Looking at an early 80s CJ7, was just wondering if it is possible to put in a later model full cage (like the TJs have). I'd like to get a CJ as a backup plow, but I don't think I'd feel safe taking my kids out in it without some better protection than a CJ rollbar.

Anyone know what year the yj went to full cage from CJ style cage? Maybe I should just look for a YJ, if the cages can't be swapped.

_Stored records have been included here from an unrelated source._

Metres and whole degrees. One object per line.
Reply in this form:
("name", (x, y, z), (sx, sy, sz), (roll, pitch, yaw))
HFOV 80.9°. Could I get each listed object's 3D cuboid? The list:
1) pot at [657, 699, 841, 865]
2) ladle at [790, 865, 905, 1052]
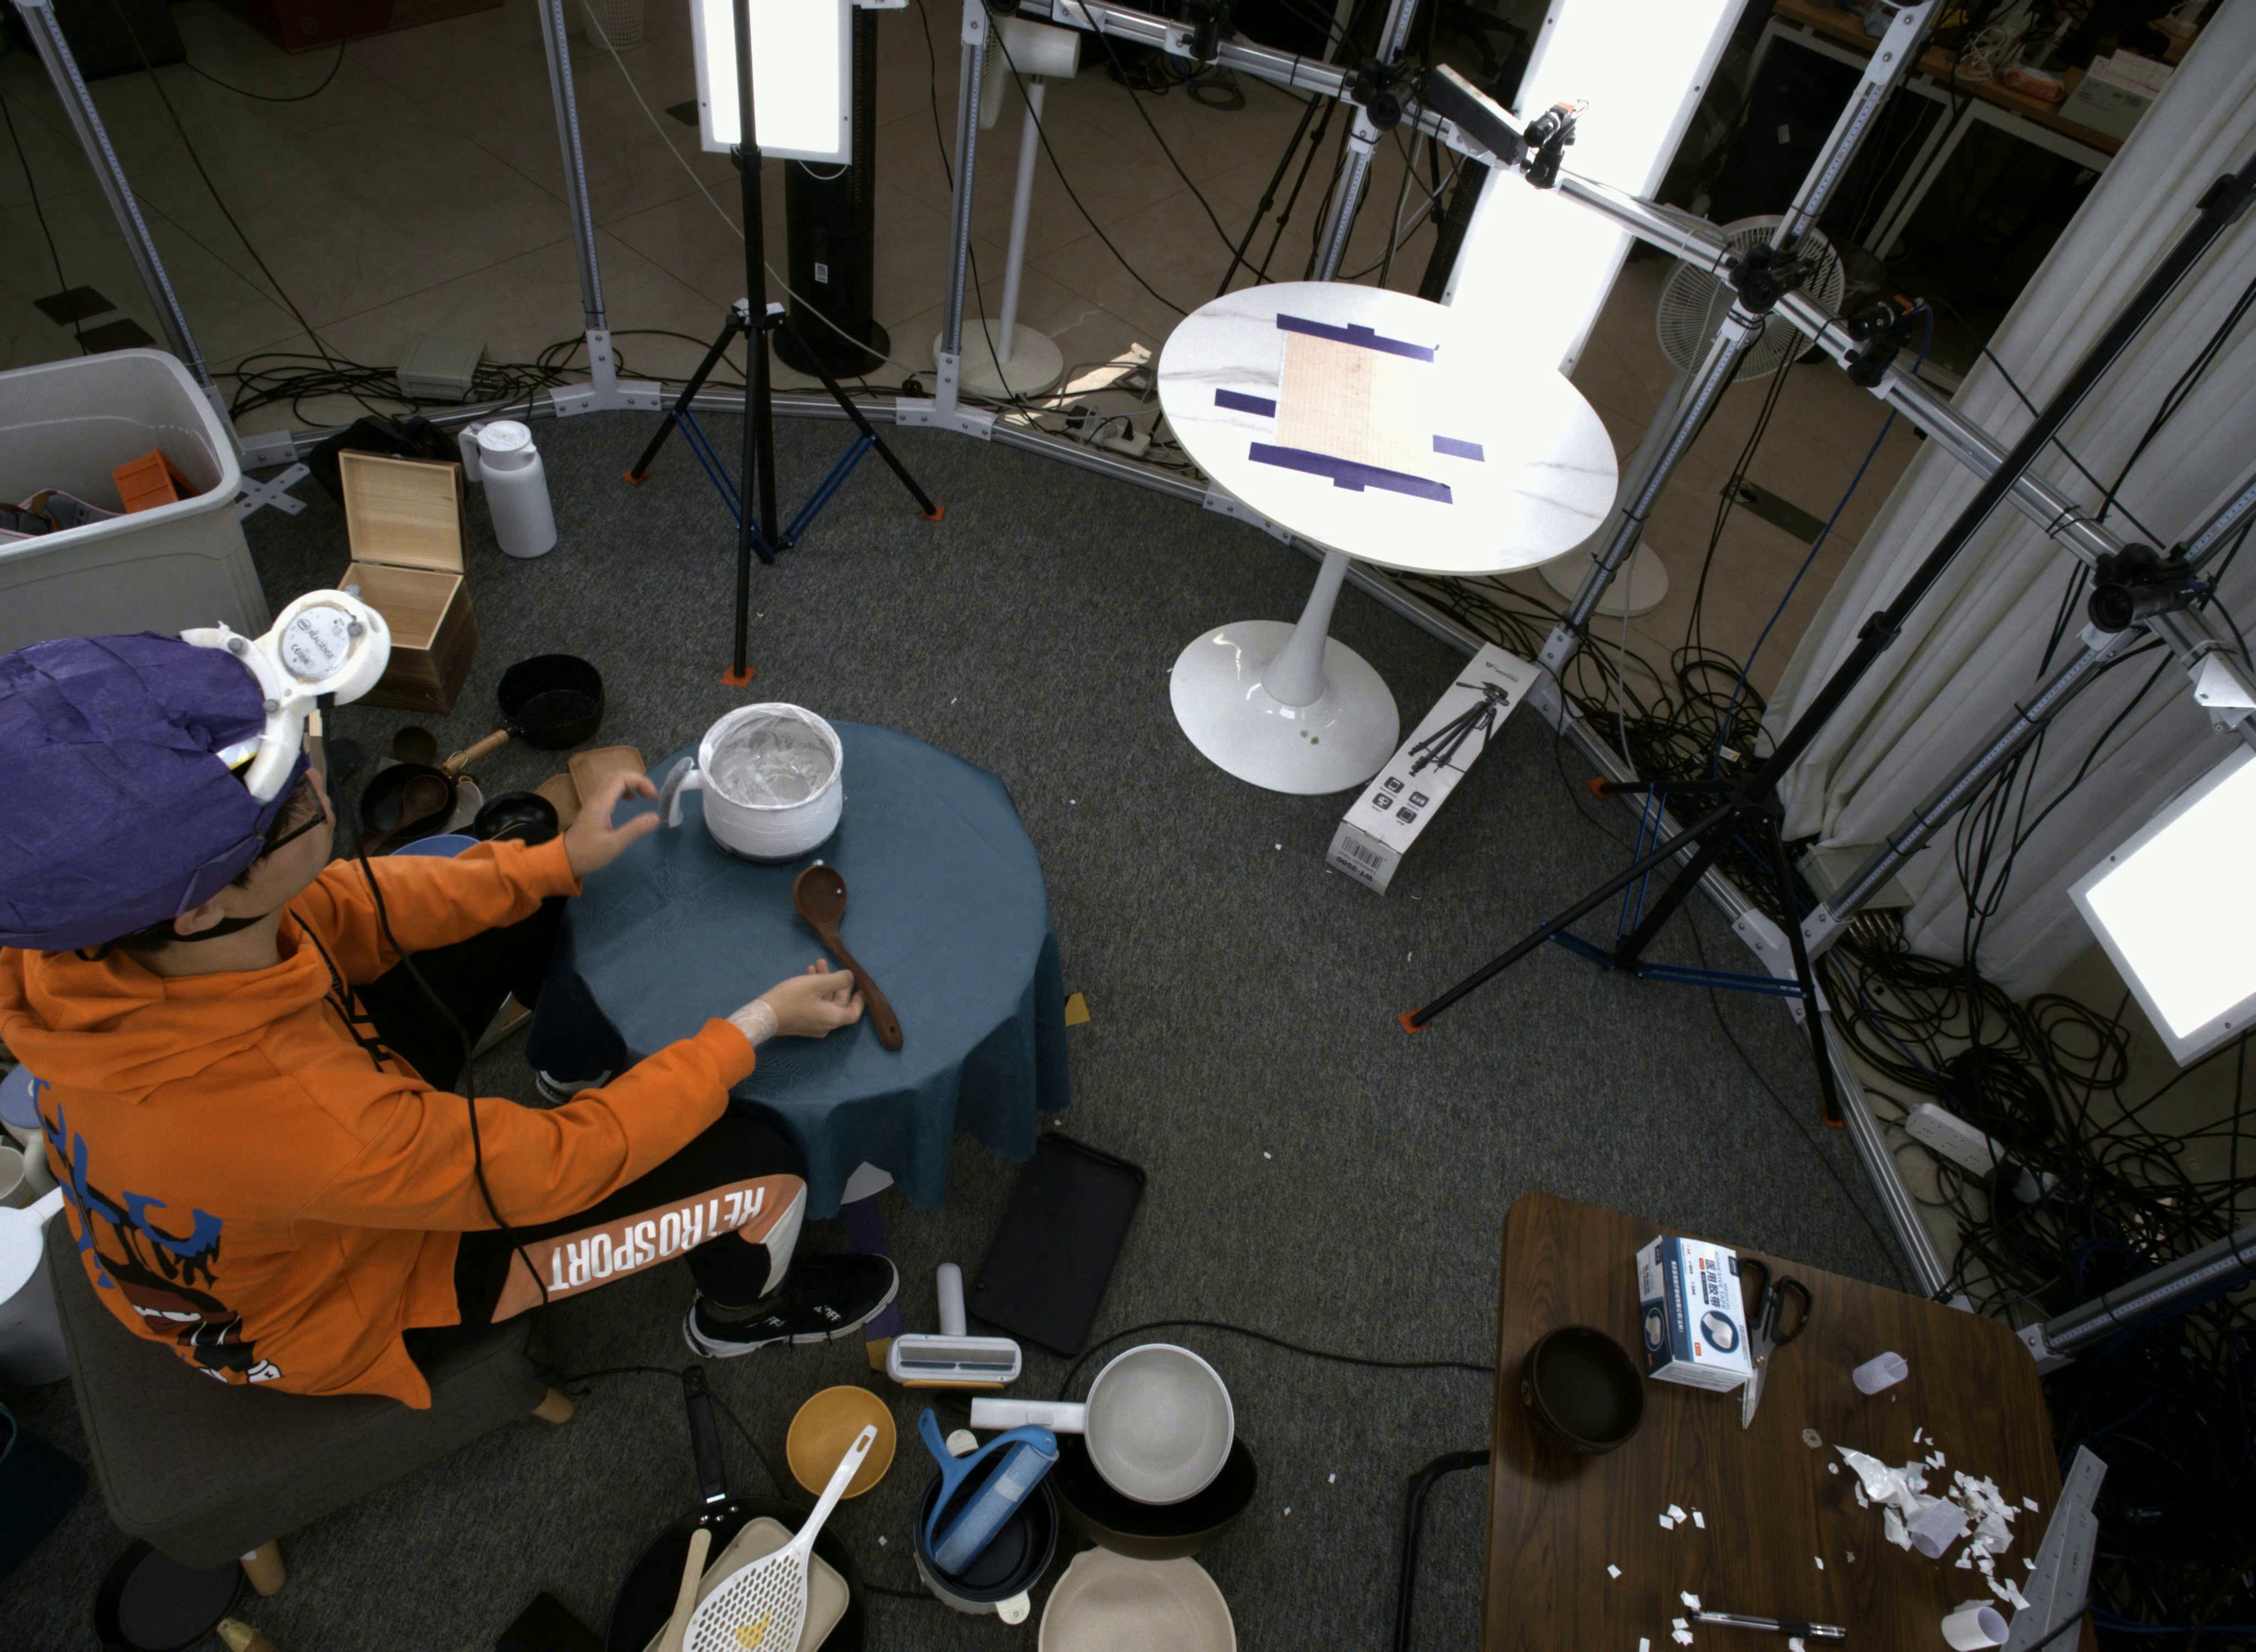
("pot", (-0.483, -0.049, 1.646), (0.235, 0.139, 0.174), (-8, 55, -20))
("ladle", (-0.334, 0.155, 1.581), (0.077, 0.066, 0.253), (-15, 57, -41))

I know there must be a ton of aftermarket cages, but I thought a used YJ or TJ cage would be cheaper. If I do get another Jeep it's going to be a LOW-buck project.


----------



## cj5fun (Jan 19, 2009)

I couldn't say for sure but you will probably have to make some mods. The yj frame is wider th en the early cjs. You planning on rolling over?


----------



## cocco78 (Dec 12, 2003)

I want to say the YJ didn't go to the full roll bar til like 91 but i'm not for sure on that. YJ and CJ tubs are pretty close so they might change but I doubt it. Alot of people swap YJ tubs onto CJ frames though so that might be an option as well. You'd probably just be better off going with some sort of aftermarket kit, or getting a fab shop to make some additions to the roll cage to meet your criteria... But no roll cage will do any good at all attached to a rusty body, tie it into the frame.


----------



## Detroitdan (Aug 15, 2005)

I don't think anyone plans on rolling over, but I am aware that certain design factors make a CJ more susceptible to rollover than, say, a Suburban. I had a 2000 TJ and I felt pretty confident that the rollcage was well-designed to protect my kids in the backseat in the event of a rollover. Not to mention the improvements in steering and suspension. I really wouldn't want to test the backseat protection of a CJ with my kids.

The CJ in question is in really outstanding condition, body and frame-wise, it's cheap because of mechanical issues.

Fabbing up or buying an aftermarket cage kit would probably push it out of reach of my budget. I just thought if I could score a junk later model YJ and salvage the cage I could do it myself on the cheap. Thought somebody would have tried it before.

Thanks for the responses.


----------



## fine79 (Jan 6, 2009)

A rust free CJ in snow country??

I think they should interchange.. I think they transitioned from the CJ style over a couple of model years. The earliest only had the forward bars (just bolted the the windshield frame corners). Then they went to the extended rear protection.



When they flip, the hood's touching the ground, so the back seat is way up in the air


----------